Lo que en cambio pasa hoy casi inadvertido y se glosa apenas, es el interés que nuestro pueblo ha despertado en otro tiempo en los poetas propios y extraños, y, entre estos, en los más excelsos. Pocos compatriotas si exceptuamos los genuinamente intelectuales, sabrían citar la solemne admonición a Navarra del Dante, en la Divina Comedia, la lisonja poética, consagrada también a nuestro antiguo reino por Shakespeare en sus Penas del amor perdido, las estrofas laudatorias de Molière en su Don García de Navarra, los sonoros endecasílabos de La prudencia en la mujer de Tirso de Molina, las reiteradas alusiones, a todo lo largo de su profusa labor, del gran Cervantes, el clásico soneto de Wordsworth, los nostálgicos pensamientos de Víctor Hugo, las églogas de Francis Jammes y de Rostand, el himno de Slaby y, en fin, el copioso florilegio de otros poetas menores que, por brevedad omitimos.
También en América, donde tan prolífico germinó el verbo de Castilla, han cantado sus aedos las excelencias de Euskalerria. Darío, Rojas, Chocano, Lugones, Nervo y, acaso, más que todos un poeta que nunca pisó nuestra tierra, que ni siquiera cruzó el Atlántico, lo que no impidió que, por uno de esos milagros que sólo explica la poesía, nos consagrara nada menos que nueve sonetos. Este poeta fué Julio Herrera y Reissig.
La vida de Herrera y Reissig, como la de Baudelaire, la de Poe o la de Nietzsche de quienes se consideraba fiel epígono fué una vida corta, intensa y torturada. Nació en Montevideo en 1875 y murió en la misma ciudad en 1910. En esos treinta y cinco años "coleccionó todas las esperanzas, todas las rebeldías y todos los desengaños imaginables". Hijo de una familia de abolengo patricio, se le creía predestinado, como sus genitores, a un brillante porvenir político. Pero la estrella de los Herrera declinaba, ya que el mismo día que nació el poeta, era detenido su padre, iniciándose así una de las tantas luchas intestinas que han asolado a estas tierras colonizadas por España. Pobre, incomprendido, enfermo, además, de taquicardía, "vivió desde su juventud en dura pugna con la realidad circundante". Como sus poemas no le daban apenas para comer, solicitó un empleo público: le nombraron "inspector de leche" en las calles de Montevideo... Aceptó el cargo en el acto, sin sentirse disminuído ni vejado, como aceptó Burns su nombramiento de inspector de cerveza en Escocia y nuestro vate Larrañaga el ser destinado como nodriza (teóricamente, claro está...) a una Maternidad de Madrid.

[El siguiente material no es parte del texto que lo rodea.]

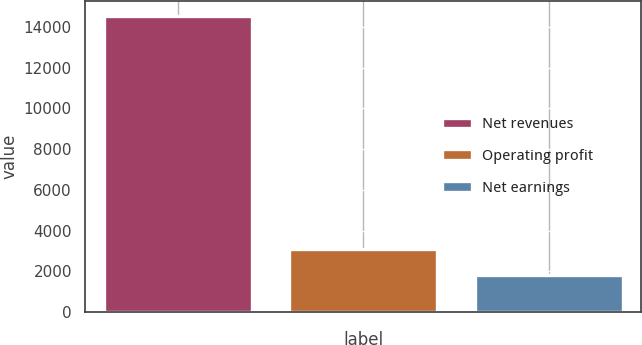Convert chart. <chart><loc_0><loc_0><loc_500><loc_500><bar_chart><fcel>Net revenues<fcel>Operating profit<fcel>Net earnings<nl><fcel>14543<fcel>3077<fcel>1803<nl></chart> 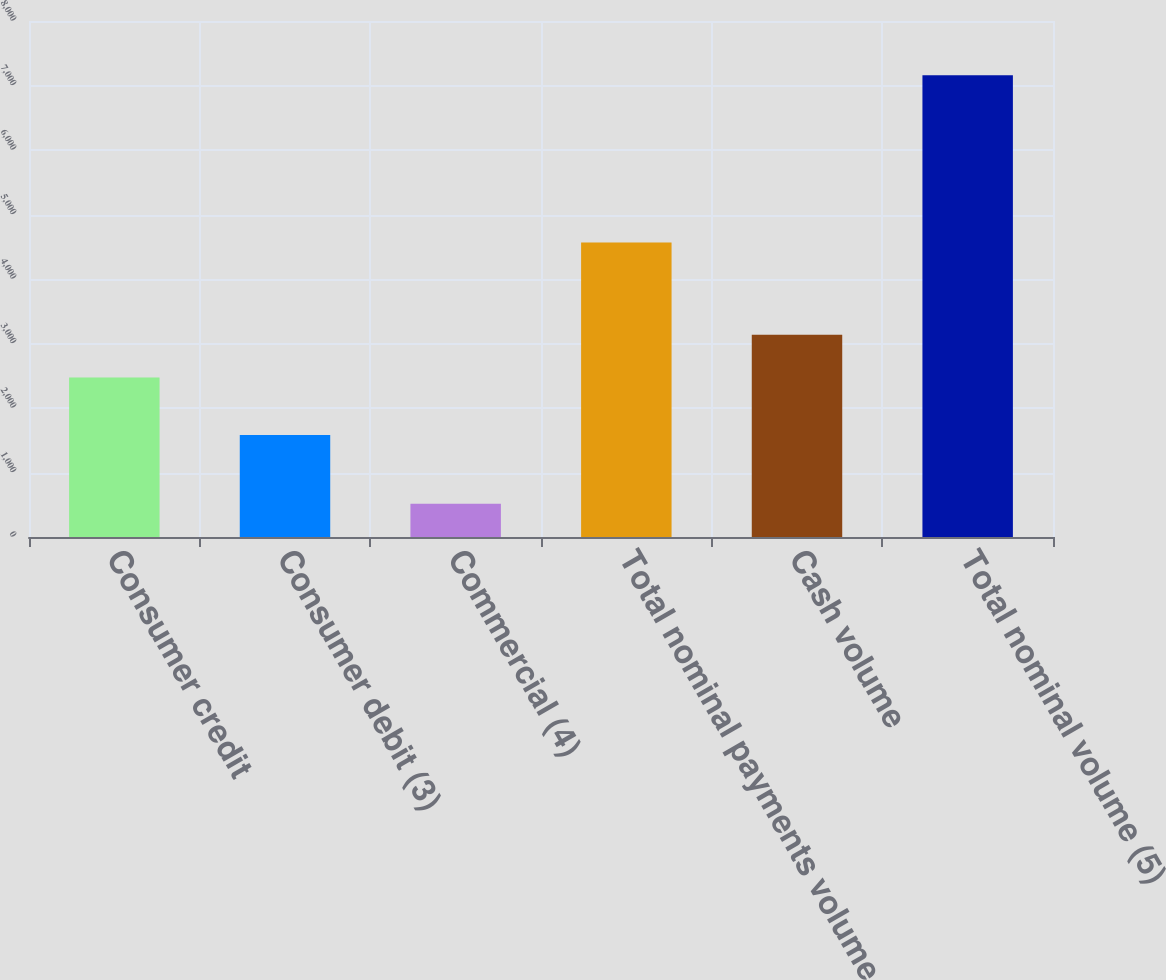Convert chart to OTSL. <chart><loc_0><loc_0><loc_500><loc_500><bar_chart><fcel>Consumer credit<fcel>Consumer debit (3)<fcel>Commercial (4)<fcel>Total nominal payments volume<fcel>Cash volume<fcel>Total nominal volume (5)<nl><fcel>2471<fcel>1581<fcel>515<fcel>4567<fcel>3135.2<fcel>7157<nl></chart>

La obra de Herrera y Reissig ha sido sañudamente discutida e incluso mal interpretada, precisamente por aquellos, como Rubén Darío, que más cerca estaban de su espíritu. Verboso, pródigo en adjetivos y en cerebraciones barrocas, padecía como apunta un crítico "la epilepsia de la metáfora". Algunos atribuyen las excentricidades de su vida a la morfina, otros insisten en ver en su obra un fermento de locura. A veces y este achaque es propio de casi todos los poetas el afán de renovar a cualquier trance la rima, lo lleva al ripio y a la traición del sentimiento. Por el contrario, frente a esta manera confusa de expresión y, se diría, voluntariamente tautológica, poseía otra fase, menos compleja, de imaginación pastoril y eglógica. A ella pertenecen los sonetos vascos. Fueron escritos en 1906 y, a juicio de Julio Cejador, son, junto con la balada de la muerte del pastor y algunas otras composiciones cortas, "los más maravillosos, originales y encantadores" de la producción del poeta. Están escritos en alejandrinos y los títulos son los siguientes: Vizcaya, Determinismo plácido, El mayoral, El postillón, La trilla, El jefe negro, Tarascón, El caudillo y El granjero.
Reproducimos algunos de ellos y, respetando el orden cronológico, empezaremos por Vizcaya, soneto que, por ciertas licencias idiomáticas y la turbia complejidad de algunas imágenes, consideramos como el menos logrado de la serie:
Al pie de sus fruncidos companarios, madura
Vizcaya sus chillones primaveras de infantes;
los muros haraposos, antiguos mendicantes,
duelen en una terca limosna de dulzura...
Pífanos y panderos... molinos de aventura...
Chaleco que detonan en rojos insultantes.
La danza de las boinas rechina sus desplantes,
al vient de la patria que ruge de bravura.
Con el oso adivino y la mona burlesca,
abre el titiritero rostros despavoridos...
La indumentaria aúlla duelos de antigua gresca:
raptos galantes, curas, infantes, bandidos...
Y la grega que estira la vocal pintoresca,
latiguea en "redioses", guturales chasquidos.
Como se observará por este y los otros sonetos que le seguirán, la interprettción que nos da Herrera y Reissig de la historia y la geografía es no poco arbitraria; más arbitraria aún en el titulado Tarascón que hallándose, como todos sabemos, en Provenza, la sitúa geográficamente en el País Vasco...
En el soneto titulado El jefe negro, es transparente la alusión al cura Santa Cruz:
Temerario y agudo y diestro entre los diestros,
el jefe negro empuña su indómita mesnada;
y en pos de bendiciones o al son de padrenuestros,
desata las guerrillas y asorda la emboscada...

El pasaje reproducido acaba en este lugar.